What you are asked to do: Reproduce the entries shown below only from the line with "medium: marble with traces of paint" down to the line with "did you know: There", keeping both end lines and copying each one exactly.

Dataset content:
• • • • • • •

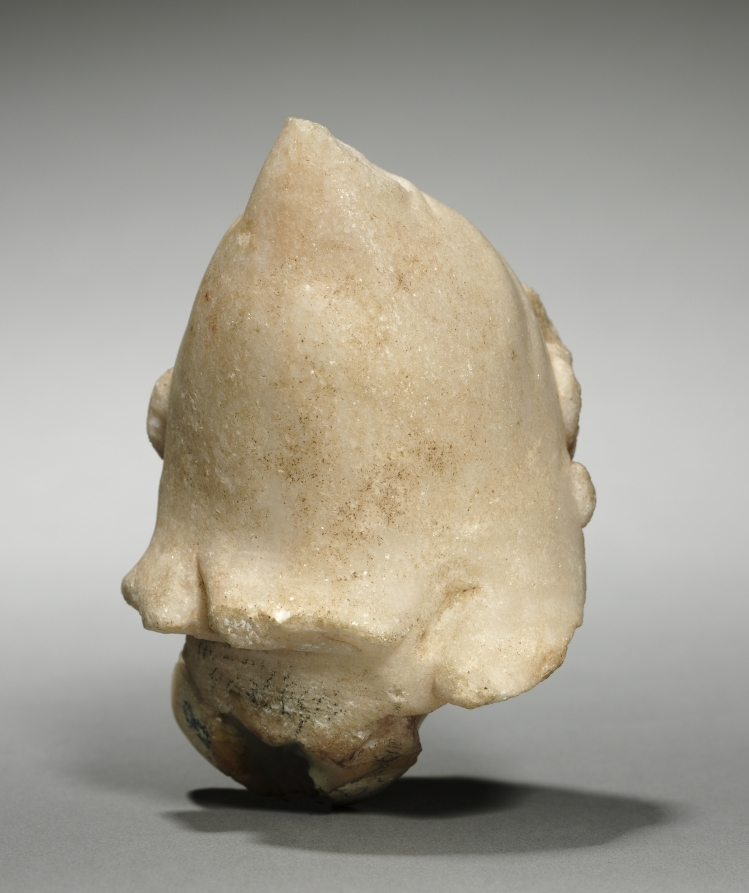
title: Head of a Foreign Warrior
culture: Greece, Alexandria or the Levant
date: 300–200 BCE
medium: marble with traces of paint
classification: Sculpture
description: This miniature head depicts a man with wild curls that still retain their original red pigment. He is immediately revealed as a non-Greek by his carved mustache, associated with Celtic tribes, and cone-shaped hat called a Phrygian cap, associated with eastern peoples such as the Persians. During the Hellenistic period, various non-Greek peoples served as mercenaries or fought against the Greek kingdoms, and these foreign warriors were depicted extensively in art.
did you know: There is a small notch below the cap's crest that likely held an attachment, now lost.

• • • • • • •

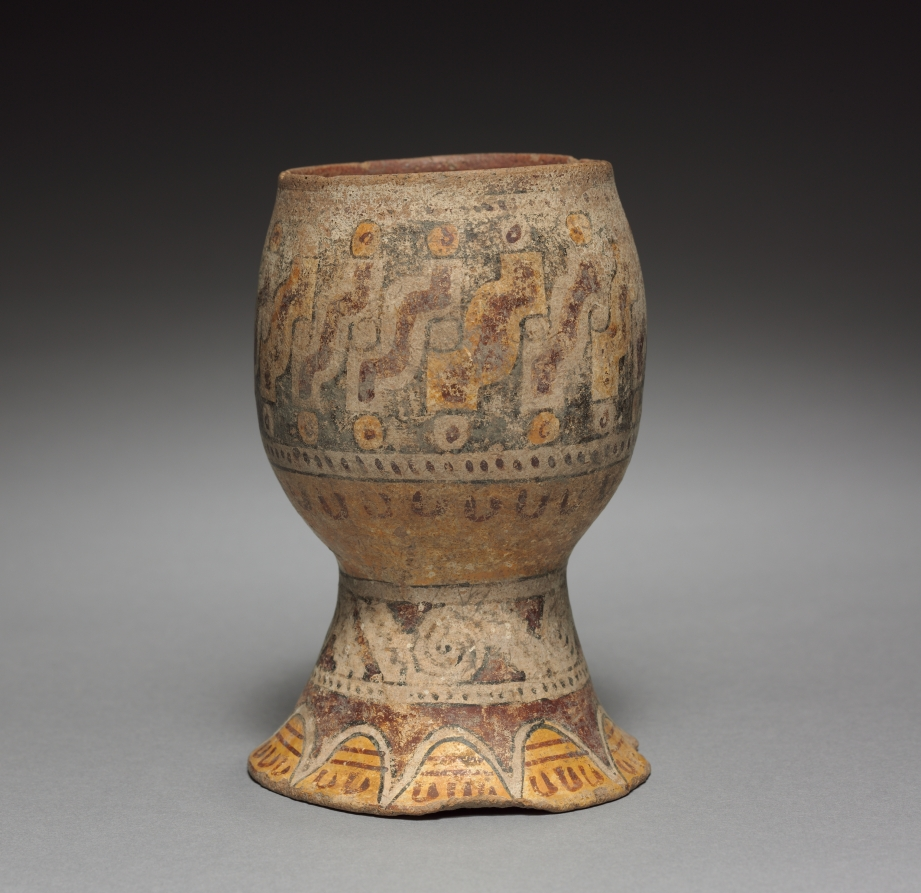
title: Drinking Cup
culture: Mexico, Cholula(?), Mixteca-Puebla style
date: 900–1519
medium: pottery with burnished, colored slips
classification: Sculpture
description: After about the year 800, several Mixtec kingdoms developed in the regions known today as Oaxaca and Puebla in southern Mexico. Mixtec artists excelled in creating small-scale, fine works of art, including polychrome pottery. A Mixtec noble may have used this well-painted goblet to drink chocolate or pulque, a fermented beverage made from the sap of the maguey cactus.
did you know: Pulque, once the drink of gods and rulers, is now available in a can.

• • • • • • •

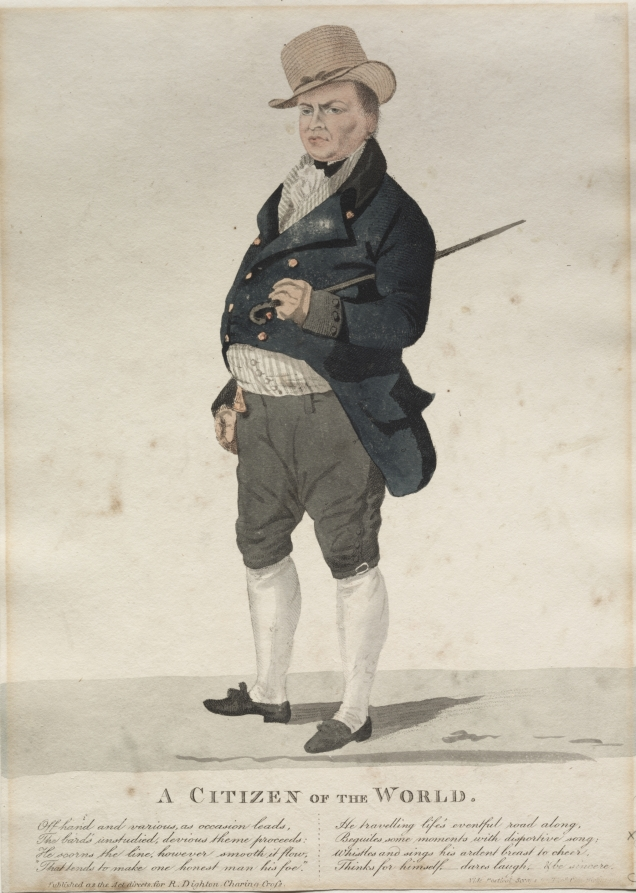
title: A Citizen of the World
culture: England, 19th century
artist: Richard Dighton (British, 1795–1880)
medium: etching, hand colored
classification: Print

• • • • • • •

Response below:
medium: marble with traces of paint
classification: Sculpture
description: This miniature head depicts a man with wild curls that still retain their original red pigment. He is immediately revealed as a non-Greek by his carved mustache, associated with Celtic tribes, and cone-shaped hat called a Phrygian cap, associated with eastern peoples such as the Persians. During the Hellenistic period, various non-Greek peoples served as mercenaries or fought against the Greek kingdoms, and these foreign warriors were depicted extensively in art.
did you know: There is a small notch below the cap's crest that likely held an attachment, now lost.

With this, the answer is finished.